Uluslararası ilişkilerde milli menfaatlerin korunması ve geliştirilmesi için hasım güçlere karşı caydırıcılık ne kadar önemliyse uluslararası kamuoyu nezdinde tutarlılık ve inandırıcılık da o kadar önemlidir.
            Caydırıcılık elbette ki milli menfaatler konusunda sürekli “kırmızı çizgiler” ilan etmekten ibaret değildir. Çok kısa süre içerisinde bu “kırmızı çizgiler”in flulaşması karşısında eli kolu bağlı kalmak hiç değildir. Çünkü caydırıcılık ile blöf arasında derin farklar ve uçurumlar vardır. Bununla birlikte somut hamlelerle desteklenen caydırıcı eylem veya söylemlerle uluslararası hasımlarını tavır değişikliğine zorlayabilen güçlerin, gerçeklik algısını zaafa uğratmamak kaydıyla, blöfler yapmasının da uluslararası ilişkilerde kısıtılı bir yeri vardır. Ancak sürekli “kırmızı çizgi”ler ilan eder, muhatap olduğunuz her kriz karşısında aklınıza gelen en cüretkar sözleri sarf eder, çok üst perdeden tehditleri birbiri ardına sıralar ama bunların hiçbirinin gereğini yapamazsanız sizi bir daha kimse ciddiye almaz.

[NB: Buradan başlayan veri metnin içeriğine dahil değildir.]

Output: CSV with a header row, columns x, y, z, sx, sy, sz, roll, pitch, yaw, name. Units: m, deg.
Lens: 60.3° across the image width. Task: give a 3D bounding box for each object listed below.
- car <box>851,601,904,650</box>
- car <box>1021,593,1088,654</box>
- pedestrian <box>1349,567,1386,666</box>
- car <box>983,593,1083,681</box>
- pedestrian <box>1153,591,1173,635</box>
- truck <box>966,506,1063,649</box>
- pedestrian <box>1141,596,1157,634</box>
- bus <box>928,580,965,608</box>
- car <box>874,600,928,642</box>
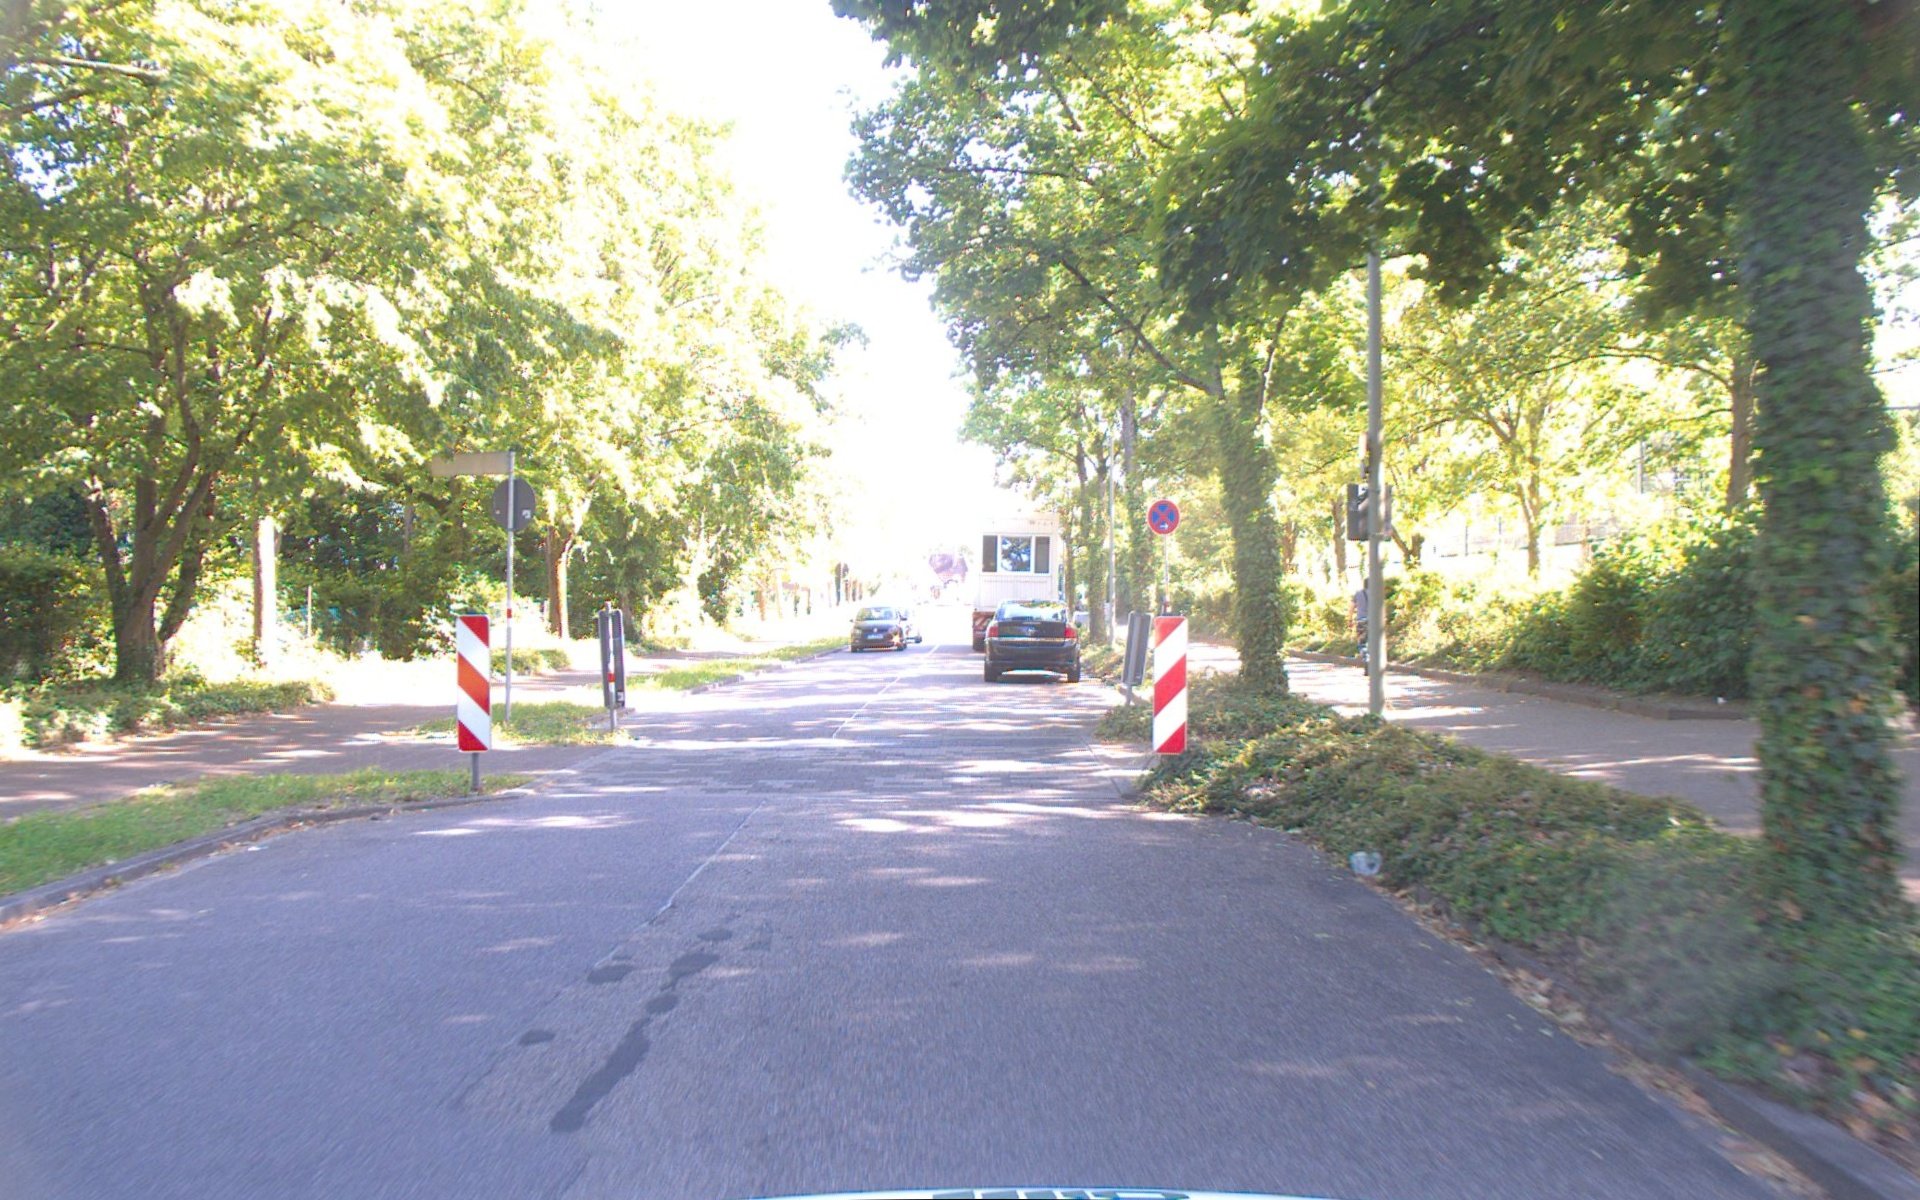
x,y,z,sx,sy,sz,roll,pitch,yaw,name
-2.597,0.790,52.600,1.568,1.451,3.650,-2,0,-2,car
2.436,0.569,42.919,1.606,1.445,4.002,-2,0,3,car
6.810,0.270,27.653,0.559,1.636,0.672,0,0,10,pedestrian
1.345,0.651,30.499,1.712,1.506,4.031,0,-1,3,car
8.780,0.565,71.529,0.684,1.844,0.700,-2,0,-2,pedestrian
1.595,-0.671,52.669,2.716,4.066,10.348,1,0,0,truck
8.199,0.660,71.724,0.586,1.639,0.600,-2,0,-2,pedestrian
-1.624,-0.757,207.742,3.980,3.407,9.804,-2,0,3,bus
-2.233,0.761,63.237,1.719,1.479,4.244,-2,0,2,car
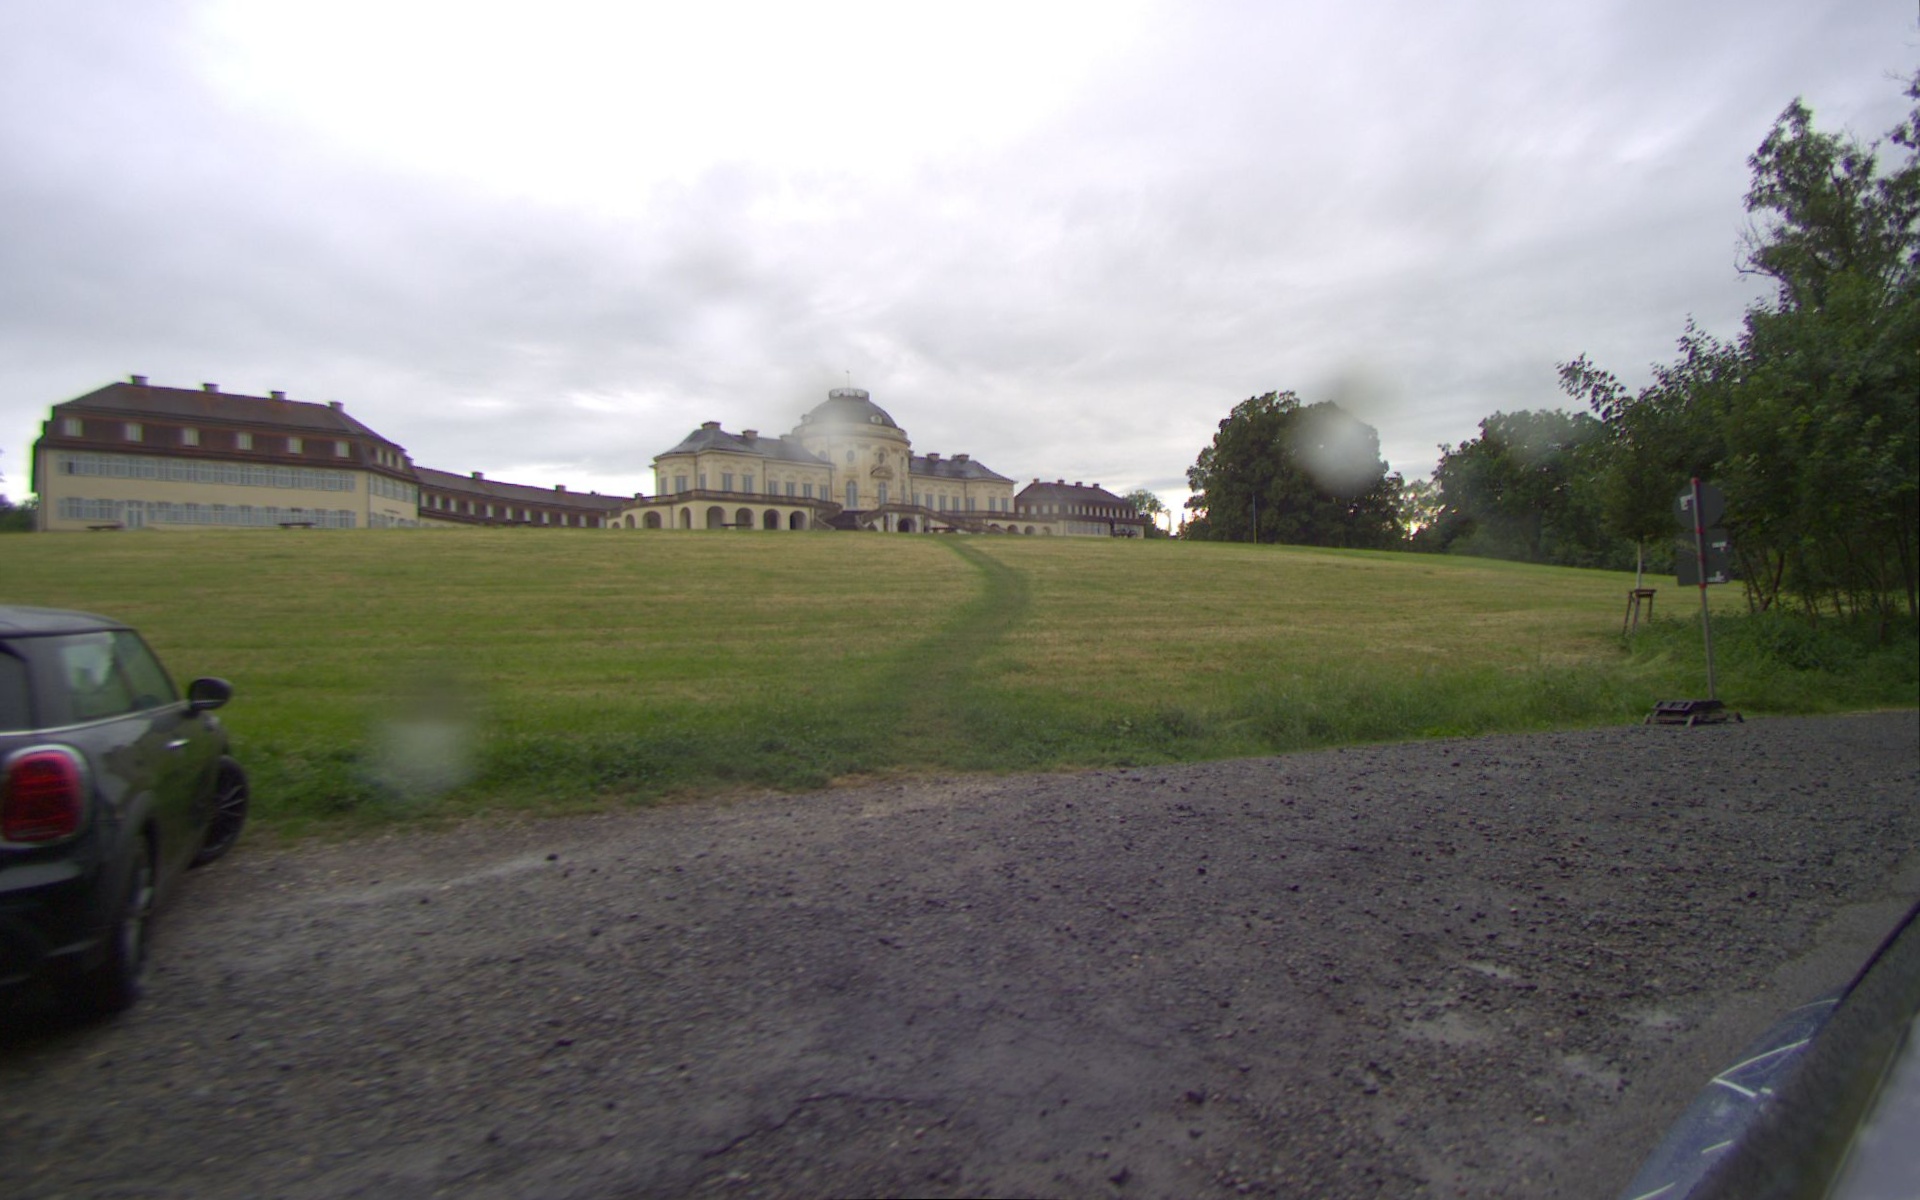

            Mesela, tarihin gerilimli akışı içerisinde çok ama çok gerektiğinde, ve tabii çok nadir olarak, “kimse bizim kudretimizi/sabrımızı sınamasın” diyebilirsiniz. Birileri bu kararlılığınızı sınamaya cüret ettiğinde ise tehdidinizin gereği neyse yaparsınız. Şayet bu türden büyük laflar ettiğinizde sizi hamleye davet eden karşıt eylemlerin dayatan gereklerini yerine getiremezseniz sadece caydırıcılık etkisini tümden yitirmekle kalmaz, alay konusu da olursunuz.
            Hassas uluslararası sorunları kitleleri coşturmak için iç siyaset malzemesi olarak kullanmayı bir alışkanlık haline getirirseniz belki oy desteğinizi artırabilirsiniz ama burnunuzu da krizlerden çıkaramaz hale gelirsiniz. Üstelik uluslararası itibarınızdan, inandırıcılığınızdan ve caydırıcılığınızdan geriye hiçbir şey kalmaz. Sıklıkla ilan ettiği sözde kırmızı çizgilere, yüksek perdeden dillendirdiği tehditlere rağmen hasım aktörlerden gelen cüretkar hareketler karşısında tek hamle bile yapamayan Ankara’daki mevcut siyasi iradenin başına gelen de doğrusu bundan başkası değildir.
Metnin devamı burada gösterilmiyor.